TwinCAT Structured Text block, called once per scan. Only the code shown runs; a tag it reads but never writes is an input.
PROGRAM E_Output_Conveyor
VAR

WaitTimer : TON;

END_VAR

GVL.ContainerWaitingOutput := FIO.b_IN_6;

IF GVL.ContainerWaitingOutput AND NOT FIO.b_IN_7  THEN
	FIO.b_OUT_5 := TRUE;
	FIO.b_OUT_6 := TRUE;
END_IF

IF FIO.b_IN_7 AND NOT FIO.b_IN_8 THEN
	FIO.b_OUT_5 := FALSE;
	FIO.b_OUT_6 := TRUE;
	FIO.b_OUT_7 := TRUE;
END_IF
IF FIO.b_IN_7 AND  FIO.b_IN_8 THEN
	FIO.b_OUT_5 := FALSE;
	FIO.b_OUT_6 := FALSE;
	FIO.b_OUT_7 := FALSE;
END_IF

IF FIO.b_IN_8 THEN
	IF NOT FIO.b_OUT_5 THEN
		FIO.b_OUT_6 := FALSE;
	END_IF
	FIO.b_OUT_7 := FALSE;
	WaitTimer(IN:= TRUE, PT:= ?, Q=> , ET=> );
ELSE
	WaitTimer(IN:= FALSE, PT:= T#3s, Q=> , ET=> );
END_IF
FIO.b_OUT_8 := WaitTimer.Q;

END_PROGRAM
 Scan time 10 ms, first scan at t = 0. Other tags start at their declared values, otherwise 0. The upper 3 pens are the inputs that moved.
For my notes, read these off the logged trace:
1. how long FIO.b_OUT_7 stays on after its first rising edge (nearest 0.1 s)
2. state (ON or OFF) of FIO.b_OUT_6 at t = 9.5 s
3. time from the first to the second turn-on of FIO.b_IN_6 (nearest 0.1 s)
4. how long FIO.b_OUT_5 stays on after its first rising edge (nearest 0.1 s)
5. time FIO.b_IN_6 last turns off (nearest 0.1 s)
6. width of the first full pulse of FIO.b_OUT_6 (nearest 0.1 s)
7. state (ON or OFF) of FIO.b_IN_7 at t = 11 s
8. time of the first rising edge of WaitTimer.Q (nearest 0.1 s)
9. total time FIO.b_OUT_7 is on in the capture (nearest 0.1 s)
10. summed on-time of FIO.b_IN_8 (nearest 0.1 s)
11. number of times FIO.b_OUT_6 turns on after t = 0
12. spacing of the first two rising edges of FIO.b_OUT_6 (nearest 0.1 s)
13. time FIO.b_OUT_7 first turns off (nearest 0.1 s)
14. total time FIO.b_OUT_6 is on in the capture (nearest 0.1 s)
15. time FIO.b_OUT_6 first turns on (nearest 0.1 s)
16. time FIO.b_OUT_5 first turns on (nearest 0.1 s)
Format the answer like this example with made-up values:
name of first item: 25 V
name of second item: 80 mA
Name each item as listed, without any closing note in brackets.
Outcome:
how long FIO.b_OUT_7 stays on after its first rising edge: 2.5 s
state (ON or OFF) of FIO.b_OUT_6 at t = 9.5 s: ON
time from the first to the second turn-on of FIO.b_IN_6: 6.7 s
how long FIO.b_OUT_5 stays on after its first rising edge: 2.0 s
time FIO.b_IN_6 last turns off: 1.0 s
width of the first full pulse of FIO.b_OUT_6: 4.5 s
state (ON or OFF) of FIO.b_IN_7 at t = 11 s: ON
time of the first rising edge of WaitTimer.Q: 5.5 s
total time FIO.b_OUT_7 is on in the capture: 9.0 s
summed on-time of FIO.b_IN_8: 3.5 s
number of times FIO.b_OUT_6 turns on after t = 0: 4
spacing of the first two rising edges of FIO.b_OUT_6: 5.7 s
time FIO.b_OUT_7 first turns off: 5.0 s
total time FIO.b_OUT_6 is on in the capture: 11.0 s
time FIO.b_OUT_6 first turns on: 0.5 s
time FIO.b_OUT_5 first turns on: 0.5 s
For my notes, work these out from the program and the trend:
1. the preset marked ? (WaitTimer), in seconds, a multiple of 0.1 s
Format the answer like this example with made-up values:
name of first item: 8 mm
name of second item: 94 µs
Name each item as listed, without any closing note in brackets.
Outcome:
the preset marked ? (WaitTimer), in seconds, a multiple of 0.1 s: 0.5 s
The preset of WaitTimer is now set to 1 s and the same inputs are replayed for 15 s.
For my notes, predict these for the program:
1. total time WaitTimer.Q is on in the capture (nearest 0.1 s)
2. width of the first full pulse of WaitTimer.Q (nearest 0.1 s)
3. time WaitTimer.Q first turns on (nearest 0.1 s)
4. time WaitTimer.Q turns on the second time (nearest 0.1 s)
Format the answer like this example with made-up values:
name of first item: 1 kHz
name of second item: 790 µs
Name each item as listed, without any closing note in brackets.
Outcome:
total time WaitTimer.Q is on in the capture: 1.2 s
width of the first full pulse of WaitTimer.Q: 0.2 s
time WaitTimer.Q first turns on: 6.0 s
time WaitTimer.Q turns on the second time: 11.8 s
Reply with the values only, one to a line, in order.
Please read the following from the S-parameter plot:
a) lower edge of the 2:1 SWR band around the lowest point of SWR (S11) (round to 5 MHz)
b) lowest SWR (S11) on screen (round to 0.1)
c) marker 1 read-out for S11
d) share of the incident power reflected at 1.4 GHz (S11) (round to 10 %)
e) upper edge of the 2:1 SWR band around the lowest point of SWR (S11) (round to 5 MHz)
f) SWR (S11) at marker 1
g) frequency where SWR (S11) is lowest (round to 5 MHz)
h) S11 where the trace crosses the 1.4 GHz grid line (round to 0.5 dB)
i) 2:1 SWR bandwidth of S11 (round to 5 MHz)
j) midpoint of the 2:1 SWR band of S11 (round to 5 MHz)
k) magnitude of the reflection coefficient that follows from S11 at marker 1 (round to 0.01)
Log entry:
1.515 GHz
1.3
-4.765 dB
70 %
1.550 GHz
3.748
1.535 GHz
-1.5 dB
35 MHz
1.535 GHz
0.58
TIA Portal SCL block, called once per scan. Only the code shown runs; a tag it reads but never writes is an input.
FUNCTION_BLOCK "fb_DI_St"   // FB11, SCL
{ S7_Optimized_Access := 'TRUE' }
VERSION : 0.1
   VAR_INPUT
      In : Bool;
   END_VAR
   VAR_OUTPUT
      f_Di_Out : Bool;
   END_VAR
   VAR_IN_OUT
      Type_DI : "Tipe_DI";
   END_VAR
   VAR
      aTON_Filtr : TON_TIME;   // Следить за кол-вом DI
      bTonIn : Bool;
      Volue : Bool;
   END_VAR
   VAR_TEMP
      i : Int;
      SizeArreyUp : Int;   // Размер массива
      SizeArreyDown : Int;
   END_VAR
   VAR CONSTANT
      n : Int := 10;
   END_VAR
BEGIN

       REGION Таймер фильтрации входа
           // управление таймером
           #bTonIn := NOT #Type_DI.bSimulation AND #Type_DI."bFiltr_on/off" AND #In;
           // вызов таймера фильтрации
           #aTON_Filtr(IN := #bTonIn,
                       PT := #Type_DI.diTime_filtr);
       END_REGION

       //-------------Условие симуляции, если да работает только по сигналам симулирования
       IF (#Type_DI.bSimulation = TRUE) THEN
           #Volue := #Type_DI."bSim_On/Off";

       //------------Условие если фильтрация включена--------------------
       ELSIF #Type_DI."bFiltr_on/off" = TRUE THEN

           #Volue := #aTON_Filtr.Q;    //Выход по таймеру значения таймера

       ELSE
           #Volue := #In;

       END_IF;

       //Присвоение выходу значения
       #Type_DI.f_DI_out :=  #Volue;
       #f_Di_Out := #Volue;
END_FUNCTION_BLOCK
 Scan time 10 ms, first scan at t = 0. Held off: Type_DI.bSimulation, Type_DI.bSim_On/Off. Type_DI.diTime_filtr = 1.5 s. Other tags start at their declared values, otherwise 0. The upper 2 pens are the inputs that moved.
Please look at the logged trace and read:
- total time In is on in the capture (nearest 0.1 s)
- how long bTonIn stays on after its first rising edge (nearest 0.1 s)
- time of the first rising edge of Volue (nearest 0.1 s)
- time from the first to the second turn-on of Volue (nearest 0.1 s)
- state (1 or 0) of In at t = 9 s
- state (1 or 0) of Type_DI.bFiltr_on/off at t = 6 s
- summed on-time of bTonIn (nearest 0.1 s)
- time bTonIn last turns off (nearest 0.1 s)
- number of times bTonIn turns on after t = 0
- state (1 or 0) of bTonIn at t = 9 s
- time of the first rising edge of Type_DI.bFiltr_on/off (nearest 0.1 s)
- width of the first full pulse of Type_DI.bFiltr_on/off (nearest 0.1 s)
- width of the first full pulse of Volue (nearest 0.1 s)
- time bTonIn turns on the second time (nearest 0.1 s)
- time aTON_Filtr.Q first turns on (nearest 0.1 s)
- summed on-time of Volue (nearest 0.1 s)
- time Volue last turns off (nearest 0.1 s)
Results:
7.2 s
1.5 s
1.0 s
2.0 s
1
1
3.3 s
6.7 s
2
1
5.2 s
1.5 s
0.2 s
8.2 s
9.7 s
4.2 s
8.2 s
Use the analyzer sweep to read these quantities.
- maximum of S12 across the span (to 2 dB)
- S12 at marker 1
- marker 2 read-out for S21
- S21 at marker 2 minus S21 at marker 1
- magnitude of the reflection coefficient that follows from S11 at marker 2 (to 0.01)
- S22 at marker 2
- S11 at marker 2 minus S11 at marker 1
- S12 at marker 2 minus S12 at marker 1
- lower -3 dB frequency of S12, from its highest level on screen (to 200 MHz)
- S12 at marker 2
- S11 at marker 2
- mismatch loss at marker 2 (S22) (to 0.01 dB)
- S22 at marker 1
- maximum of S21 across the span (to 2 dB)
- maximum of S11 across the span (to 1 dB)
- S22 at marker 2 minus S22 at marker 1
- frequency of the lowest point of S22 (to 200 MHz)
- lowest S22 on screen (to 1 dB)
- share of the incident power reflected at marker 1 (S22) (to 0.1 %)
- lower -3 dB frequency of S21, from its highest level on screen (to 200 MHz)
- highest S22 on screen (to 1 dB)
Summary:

(Instructions for the task) Reproduce word for word only the first line of the listing above and each line after it through the line with "For my notes, read".

(Task solution)
TwinCAT Structured Text block, called once per scan. Only the code shown runs; a tag it reads but never writes is an input.
PROGRAM E_Output_Conveyor
VAR

WaitTimer : TON;

END_VAR

GVL.ContainerWaitingOutput := FIO.b_IN_6;

IF GVL.ContainerWaitingOutput AND NOT FIO.b_IN_7  THEN
	FIO.b_OUT_5 := TRUE;
	FIO.b_OUT_6 := TRUE;
END_IF

IF FIO.b_IN_7 AND NOT FIO.b_IN_8 THEN
	FIO.b_OUT_5 := FALSE;
	FIO.b_OUT_6 := TRUE;
	FIO.b_OUT_7 := TRUE;
END_IF
IF FIO.b_IN_7 AND  FIO.b_IN_8 THEN
	FIO.b_OUT_5 := FALSE;
	FIO.b_OUT_6 := FALSE;
	FIO.b_OUT_7 := FALSE;
END_IF

IF FIO.b_IN_8 THEN
	IF NOT FIO.b_OUT_5 THEN
		FIO.b_OUT_6 := FALSE;
	END_IF
	FIO.b_OUT_7 := FALSE;
	WaitTimer(IN:= TRUE, PT:= ?, Q=> , ET=> );
ELSE
	WaitTimer(IN:= FALSE, PT:= T#3s, Q=> , ET=> );
END_IF
FIO.b_OUT_8 := WaitTimer.Q;

END_PROGRAM
 Scan time 10 ms, first scan at t = 0. Other tags start at their declared values, otherwise 0. The upper 3 pens are the inputs that moved.
For my notes, read these off the logged trace:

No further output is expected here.